Werewolf Wedding(47)
Jake stared at her. If life were slightly more cartoonish, he’d be tapping his foot or drumming his fingers on the desk.
“It’s so soft, you know? But at the same time...”
He growled.
“It’s soft, but...”
He growled again.
“Oh, fine!” she threw her hands over her head. “Yeah so we talked. What’s the harm in that? Your future wife, my future... uh... I dunno, friend in law?”
“Wait, what? When?” Jake asked.
“She called up here last week asking for you. I figured there’d only be one woman calling for you, and took a stab in the dark.”
“Why didn’t you tell me?”
“Forgot.”
Jake shook his head. “Anyway, sister is more like it,” Jake said with a grumble. “I’m closer to you than anyone else in my damn family.”

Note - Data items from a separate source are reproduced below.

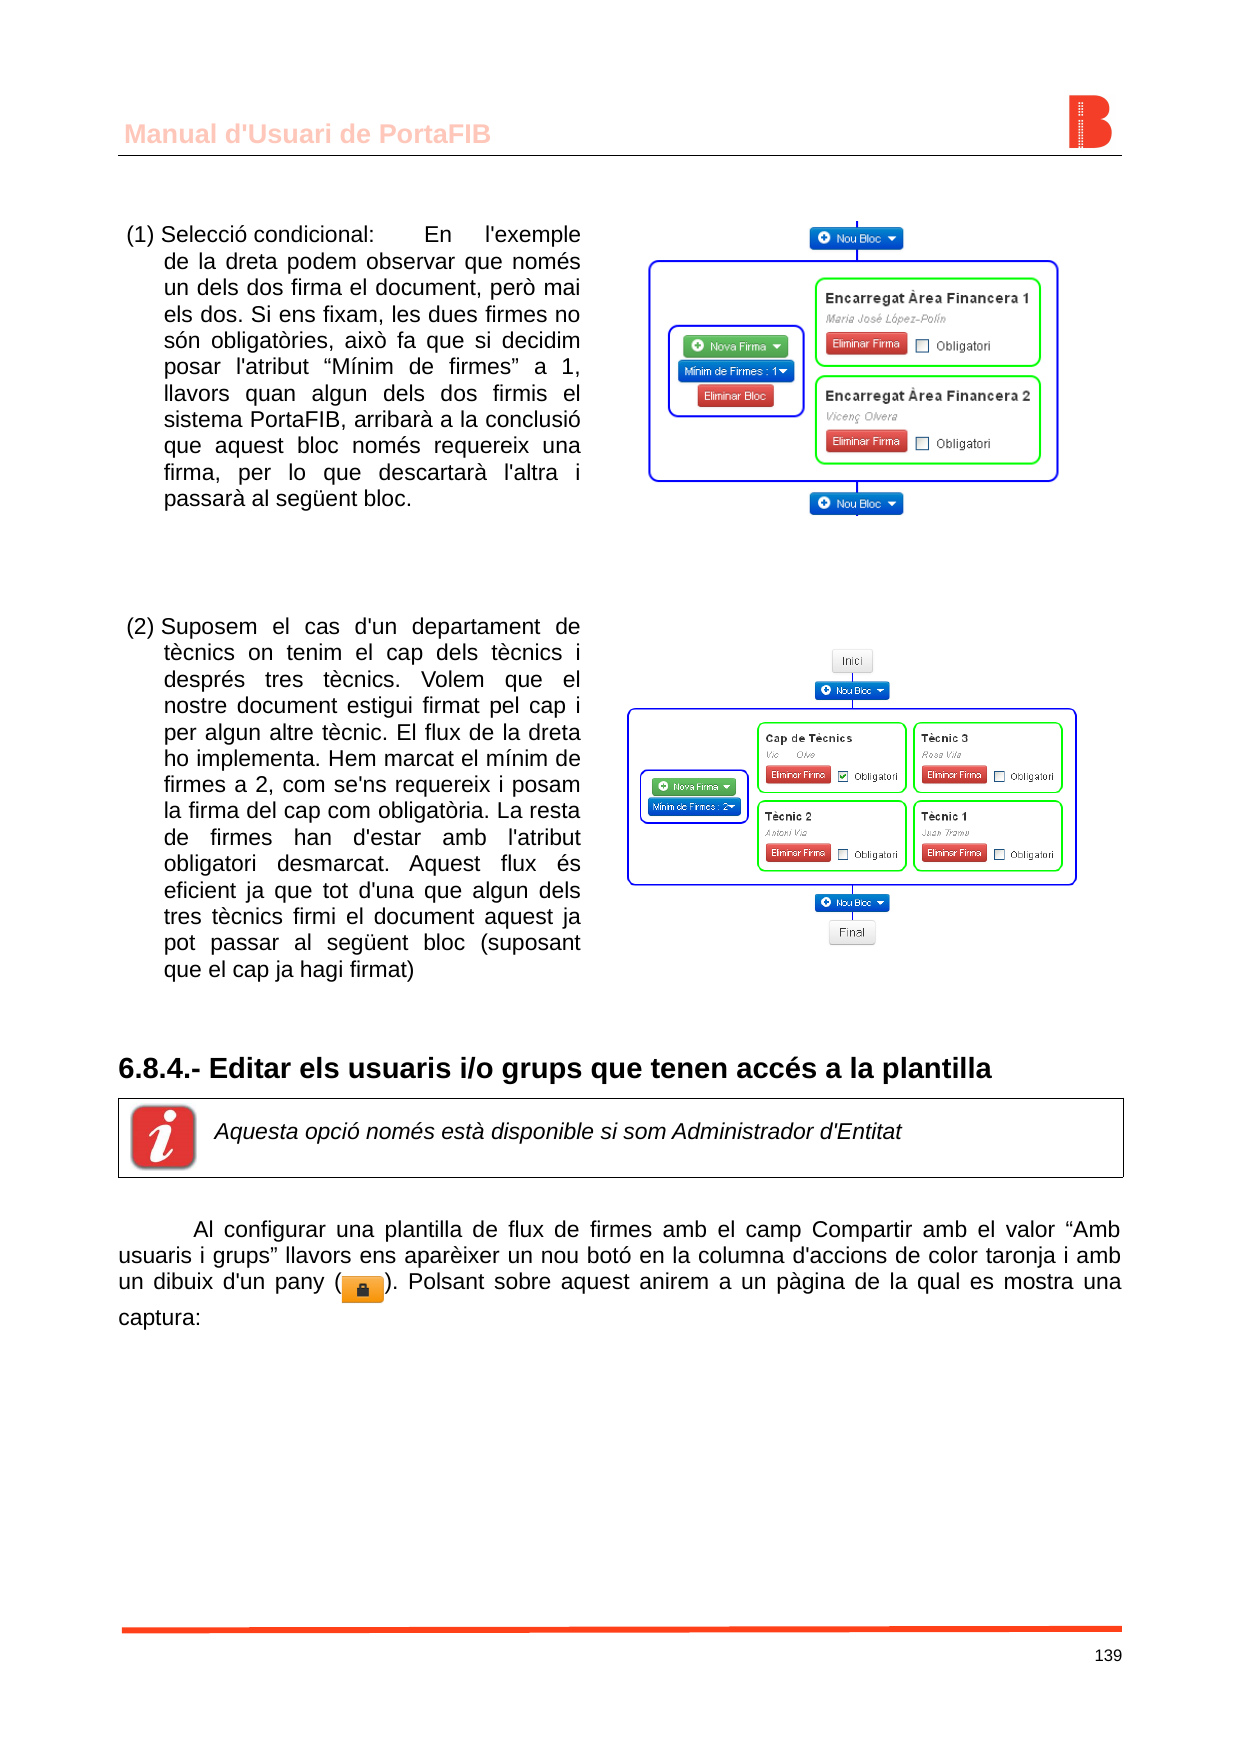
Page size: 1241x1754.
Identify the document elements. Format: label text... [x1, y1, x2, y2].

table_header [587, 216, 1122, 607]
subtitle Editar els usuaris i/o grups que tenen accés a la plantilla [118, 1052, 1122, 1085]
picture [341, 1275, 385, 1304]
picture [617, 640, 1092, 955]
table_header [119, 1099, 209, 1177]
table_cell Suposem el cas d'un departament de tècnics on tenim el cap dels tècnics i després tres tècnics. Volem que el nostre document estigui firmat pel cap i per algun altre tècnic. El flux de la dreta ho implementa. Hem marcat el mínim de firmes a 2, com se'ns requereix i posam la firma del cap com obligatòria. La resta de firmes han d'estar amb l'atribut obligatori desmarcat. Aquest flux és eficient ja que tot d'una que algun dels tres tècnics firmi el document aquest ja pot passar al següent bloc (suposant que el cap ja hagi firmat) [118, 607, 587, 1000]
table_cell [587, 607, 1122, 1000]
picture [129, 1103, 198, 1171]
picture [1063, 94, 1117, 150]
table_header Aquesta opció només està disponible si som Administrador d'Entitat [209, 1099, 1123, 1177]
table_header Selecció condicional: En l'exemple de la dreta podem observar que només un dels dos firma el document, però mai els dos. Si ens fixam, les dues firmes no són obligatòries, això fa que si decidim posar l'atribut “Mínim de firmes” a 1, llavors quan algun dels dos firmis el sistema PortaFIB, arribarà a la conclusió que aquest bloc només requereix una firma, per lo que descartarà l'altra i passarà al següent bloc. [118, 216, 587, 607]
picture [633, 221, 1075, 516]
text Al configurar una plantilla de flux de firmes amb el camp Compartir amb el valor “Amb usuaris i grups” llavors ens aparèixer un nou botó en la columna d'accions de color taronja i amb un dibuix d'un pany (). Polsant sobre aquest anirem a un pàgina de la qual es mostra una captura: [118, 1216, 1122, 1330]

“We pick our friends,” she said, getting up and patting him on the shoulder. “Our families are just carefully crafted sets of problems. At least when it comes to werewolves. I’ve never understood one thing – and it’s the same thing Dilly didn’t get.”
“Which is?”
George bit her lip, trying to find the words. “Well, like with humans, if – just as a for instance – my brother decided to abandon the family for five years, go on a murder rampage across half the country and then come back to take over all the family’s assets?”
Jake arched an eyebrow. “Go on.”
“How blunt do you want me to be?” she asked, still chewing her lip. George wasn’t afraid of him by any stretch of the imagination, but he wasn’t exactly insensitive when it came to pack business.
“Has it ever mattered?” he asked.
She thought for a second. “Yeah, well fair enough. To be blunt about it, we’d just tell him to f*ck himself and go on with our lives. People don’t do that to people they care about. And if they do, it’s because they either think they can get away with it, or they’re some kind of pathological assface.”
“Wow,” Jake said, his face going blank. “Assface. Is that a technical term? Maybe some kind of psychiatric diagnosis I’m not familiar with?”
George pursed her lips and stuck her fists into her hips. “You know what I mean. If someone treated my family like that? The only thing they’d get if they decided to show up again is a restraining order.”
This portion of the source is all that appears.